Companies Economy Markets

Airlines’ Jet Fuel Costs Jump 56.4% Post-Iran Conflict, DOT Data Reveals

airlines experienced a significant surge in jet fuel expenditures in March, spending 56.

A technician prepares to refuel a Delta Airlines aircraft at the Austin-Bergstrom International Airport on April 10, 2026, in Austin, Texas. (Brandon Bell | Getty Images)
A technician prepares to refuel a Delta Airlines aircraft at the Austin-Bergstrom International Airport on April 10, 2026, in Austin, Texas. (Brandon Bell | Getty Images)

U.S. airlines experienced a significant surge in jet fuel expenditures in March, spending 56.4% more than in the preceding month, according to data released by the U.S. Department of Transportation. This substantial increase followed the commencement of U.S.-Israel strikes on Iran, an event that effectively led to the closure of the Strait of Hormuz, a critical global shipping lane.

In March, the total expenditure on jet fuel by U.S. carriers reached $5.06 billion. This marks a considerable rise from the $3.23 billion spent in February. The Department of Transportation also noted that this figure represented a 30% increase compared to what airlines paid for jet fuel in March of the previous year, 2025.

The escalating cost of fuel, which is the second-largest operational expense for airlines after labor, has prompted several carriers to revise their financial outlooks. Many have either lowered or completely withdrawn their earnings guidance for 2026, citing the volatile fuel prices as a primary reason.

In response to the increased costs and to mitigate financial strain, some airlines have begun to scale back their expansion plans.
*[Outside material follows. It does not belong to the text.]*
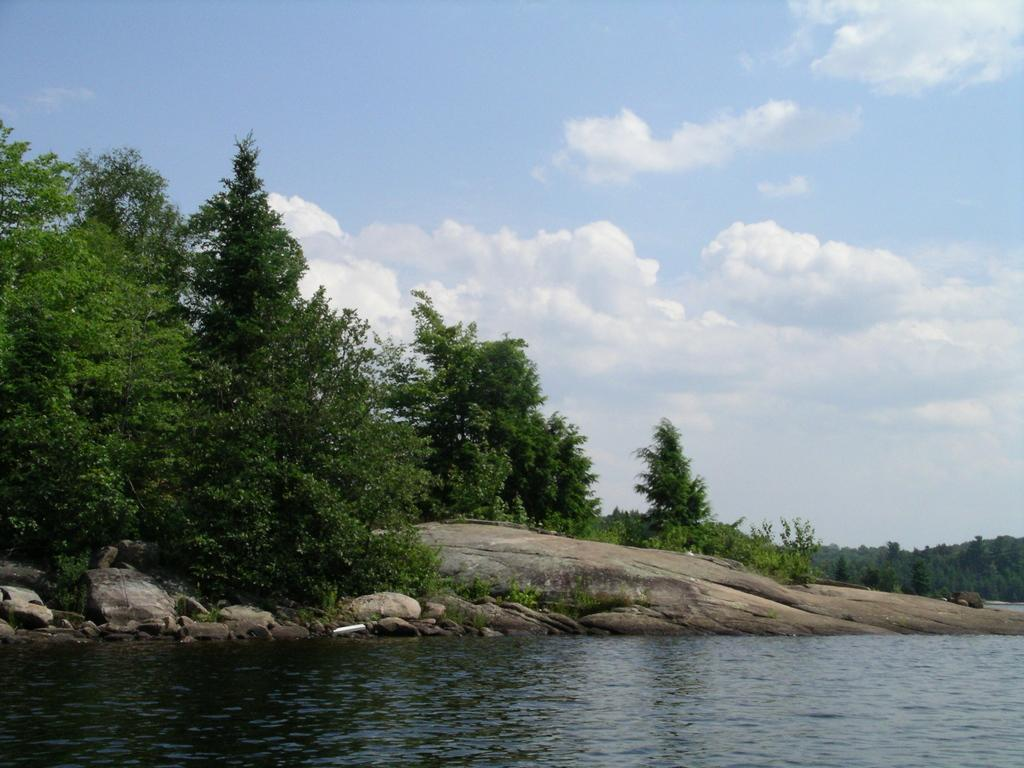What type of natural elements can be seen in the image? There are trees and rocks visible in the image. What is present at the bottom of the image? There is water visible at the bottom of the image. What can be seen in the sky at the top of the image? There are clouds in the sky at the top of the image. What is the size of the apple in the image? There is no apple present in the image. What is the value of the rocks in the image? The value of the rocks cannot be determined from the image, as they are not being sold or traded. 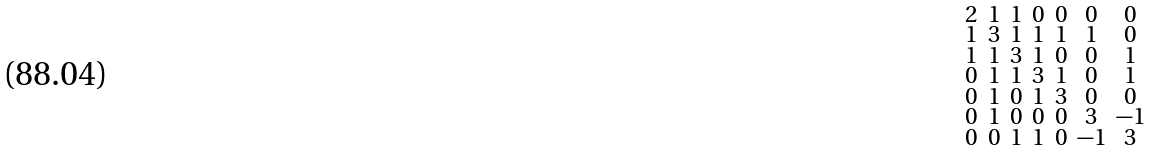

This strategic adjustment aims to reduce overall expenses and avoid accumulating excessive capacity in a market impacted by higher operating costs.

The upward pressure on jet fuel prices intensified in April, with costs in some regions exceeding $4 per gallon. This continued escalation is directly linked to the ongoing conflict and the sustained closure of the Strait of Hormuz.

The financial repercussions of the jet fuel surge have been particularly severe for some carriers. Spirit Airlines, which recently collapsed, cited the sharp rise in jet fuel costs as a major impediment to its plans to exit bankruptcy proceedings by mid-year.

Looking ahead, major airlines have communicated to investors that they anticipate passing on the increased jet fuel costs to consumers. Projections suggest this could occur by early 2027, or potentially by the end of the current year.

Despite the rising costs and economic pressures, current booking trends indicate that consumer travel demand remains robust. Data from the Airlines Reporting Corp. shows that travel agency ticket sales increased by 12% in March compared to the previous year, reaching $10.4 billion. This growth was accompanied by a 5% rise in domestic trips and a 1% increase in international travel.